» **Activity**
Omit each picture as you copy the entries exactly.

*** Opening Records provided ***

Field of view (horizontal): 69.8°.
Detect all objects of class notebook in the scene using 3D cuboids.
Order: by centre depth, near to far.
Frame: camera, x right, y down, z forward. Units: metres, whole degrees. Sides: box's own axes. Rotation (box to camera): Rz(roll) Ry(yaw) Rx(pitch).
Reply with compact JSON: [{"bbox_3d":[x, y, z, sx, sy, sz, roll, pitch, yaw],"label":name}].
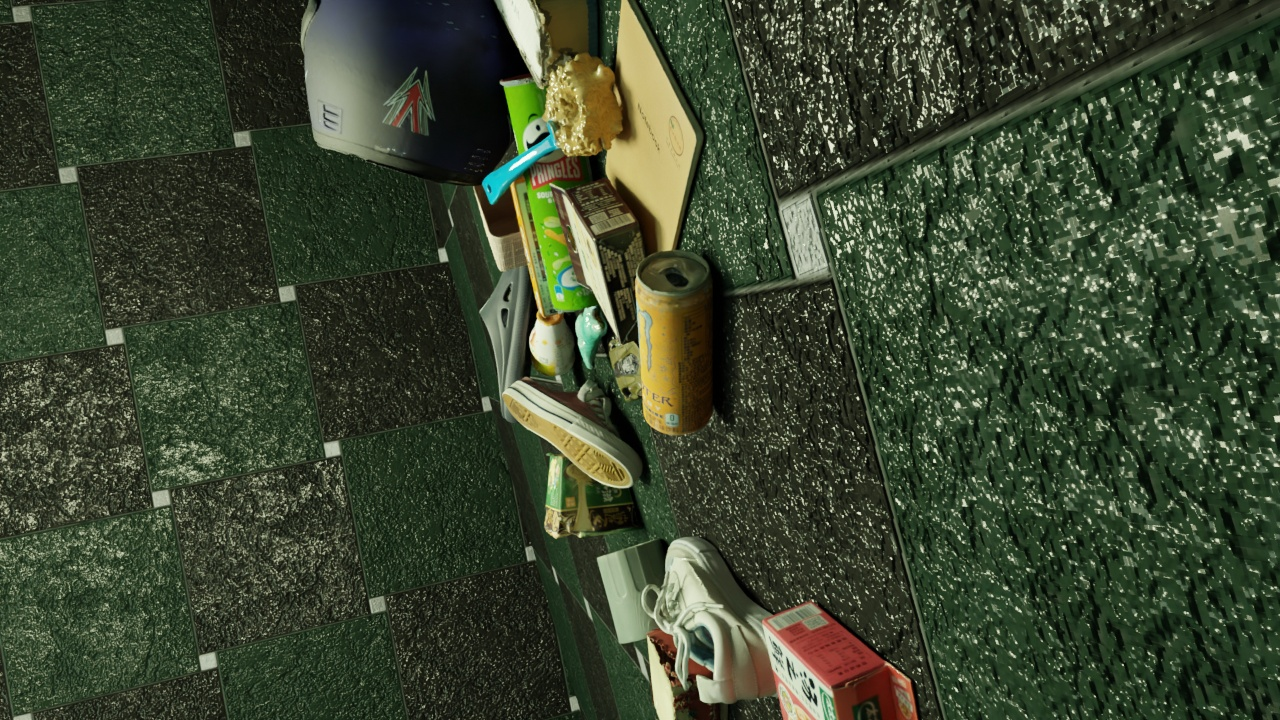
[{"bbox_3d":[0.004,-0.165,0.737,0.208,0.008,0.147,102,148,-63],"label":"notebook"}]

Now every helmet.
[{"bbox_3d":[-0.234,-0.331,1.003,0.315,0.247,0.240,-128,53,-70],"label":"helmet"}]

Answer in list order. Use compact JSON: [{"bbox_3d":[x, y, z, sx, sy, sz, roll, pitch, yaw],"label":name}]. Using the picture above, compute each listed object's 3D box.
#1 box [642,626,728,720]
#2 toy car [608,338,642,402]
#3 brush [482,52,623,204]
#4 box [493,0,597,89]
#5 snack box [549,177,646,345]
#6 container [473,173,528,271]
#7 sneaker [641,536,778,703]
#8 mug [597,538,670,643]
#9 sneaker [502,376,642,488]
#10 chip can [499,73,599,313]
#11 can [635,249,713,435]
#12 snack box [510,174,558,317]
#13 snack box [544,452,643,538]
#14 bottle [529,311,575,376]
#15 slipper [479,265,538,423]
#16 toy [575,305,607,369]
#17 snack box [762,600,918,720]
[{"bbox_3d":[0.046,0.374,1.028,0.091,0.080,0.169,-120,19,-46],"label":"box"},{"bbox_3d":[-0.005,0.005,0.900,0.158,0.042,0.070,142,112,-78],"label":"toy car"},{"bbox_3d":[-0.091,-0.193,0.829,0.255,0.045,0.083,-20,94,56],"label":"brush"},{"bbox_3d":[-0.092,-0.331,0.826,0.090,0.059,0.184,96,156,-54],"label":"box"},{"bbox_3d":[-0.031,-0.095,0.828,0.125,0.053,0.113,-117,11,-51],"label":"snack box"},{"bbox_3d":[-0.157,-0.178,1.181,0.111,0.090,0.090,102,149,-68],"label":"container"},{"bbox_3d":[0.053,0.236,0.828,0.242,0.090,0.089,-148,45,-70],"label":"sneaker"},{"bbox_3d":[0.005,0.274,1.104,0.124,0.084,0.103,23,-132,-76],"label":"mug"},{"bbox_3d":[-0.072,0.072,1.141,0.241,0.087,0.118,28,149,41],"label":"sneaker"},{"bbox_3d":[-0.078,-0.168,0.921,0.072,0.072,0.236,-137,32,-64],"label":"chip can"},{"bbox_3d":[0.028,-0.011,0.716,0.058,0.058,0.146,-121,20,-46],"label":"can"},{"bbox_3d":[-0.087,-0.128,0.987,0.026,0.075,0.154,-135,32,-65],"label":"snack box"},{"bbox_3d":[-0.067,0.171,1.205,0.118,0.117,0.105,172,94,-73],"label":"snack box"},{"bbox_3d":[-0.121,-0.029,1.252,0.109,0.063,0.063,94,156,-52],"label":"bottle"},{"bbox_3d":[-0.190,-0.047,1.293,0.111,0.083,0.268,90,-176,-84],"label":"slipper"},{"bbox_3d":[-0.057,-0.045,1.065,0.092,0.030,0.096,139,122,-69],"label":"toy"},{"bbox_3d":[0.135,0.240,0.611,0.127,0.044,0.113,-155,51,-71],"label":"snack box"}]

*** Closing Records provided ***

» **Response to the task**
Field of view (horizontal): 69.8°.
Detect all objects of class notebook in the scene using 3D cuboids.
Order: by centre depth, near to far.
Frame: camera, x right, y down, z forward. Units: metres, whole degrees. Sides: box's own axes. Rotation (box to camera): Rz(roll) Ry(yaw) Rx(pitch).
Reply with compact JSON: [{"bbox_3d":[x, y, z, sx, sy, sz, roll, pitch, yaw],"label":name}].
[{"bbox_3d":[0.004,-0.165,0.737,0.208,0.008,0.147,102,148,-63],"label":"notebook"}]

Now every helmet.
[{"bbox_3d":[-0.234,-0.331,1.003,0.315,0.247,0.240,-128,53,-70],"label":"helmet"}]

Answer in list order. Use compact JSON: [{"bbox_3d":[x, y, z, sx, sy, sz, roll, pitch, yaw],"label":name}]. Using the picture above, compute each listed object's 3D box.
#1 box [642,626,728,720]
#2 toy car [608,338,642,402]
#3 brush [482,52,623,204]
#4 box [493,0,597,89]
#5 snack box [549,177,646,345]
#6 container [473,173,528,271]
#7 sneaker [641,536,778,703]
#8 mug [597,538,670,643]
#9 sneaker [502,376,642,488]
#10 chip can [499,73,599,313]
#11 can [635,249,713,435]
#12 snack box [510,174,558,317]
#13 snack box [544,452,643,538]
#14 bottle [529,311,575,376]
#15 slipper [479,265,538,423]
#16 toy [575,305,607,369]
#17 snack box [762,600,918,720]
[{"bbox_3d":[0.046,0.374,1.028,0.091,0.080,0.169,-120,19,-46],"label":"box"},{"bbox_3d":[-0.005,0.005,0.900,0.158,0.042,0.070,142,112,-78],"label":"toy car"},{"bbox_3d":[-0.091,-0.193,0.829,0.255,0.045,0.083,-20,94,56],"label":"brush"},{"bbox_3d":[-0.092,-0.331,0.826,0.090,0.059,0.184,96,156,-54],"label":"box"},{"bbox_3d":[-0.031,-0.095,0.828,0.125,0.053,0.113,-117,11,-51],"label":"snack box"},{"bbox_3d":[-0.157,-0.178,1.181,0.111,0.090,0.090,102,149,-68],"label":"container"},{"bbox_3d":[0.053,0.236,0.828,0.242,0.090,0.089,-148,45,-70],"label":"sneaker"},{"bbox_3d":[0.005,0.274,1.104,0.124,0.084,0.103,23,-132,-76],"label":"mug"},{"bbox_3d":[-0.072,0.072,1.141,0.241,0.087,0.118,28,149,41],"label":"sneaker"},{"bbox_3d":[-0.078,-0.168,0.921,0.072,0.072,0.236,-137,32,-64],"label":"chip can"},{"bbox_3d":[0.028,-0.011,0.716,0.058,0.058,0.146,-121,20,-46],"label":"can"},{"bbox_3d":[-0.087,-0.128,0.987,0.026,0.075,0.154,-135,32,-65],"label":"snack box"},{"bbox_3d":[-0.067,0.171,1.205,0.118,0.117,0.105,172,94,-73],"label":"snack box"},{"bbox_3d":[-0.121,-0.029,1.252,0.109,0.063,0.063,94,156,-52],"label":"bottle"},{"bbox_3d":[-0.190,-0.047,1.293,0.111,0.083,0.268,90,-176,-84],"label":"slipper"},{"bbox_3d":[-0.057,-0.045,1.065,0.092,0.030,0.096,139,122,-69],"label":"toy"},{"bbox_3d":[0.135,0.240,0.611,0.127,0.044,0.113,-155,51,-71],"label":"snack box"}]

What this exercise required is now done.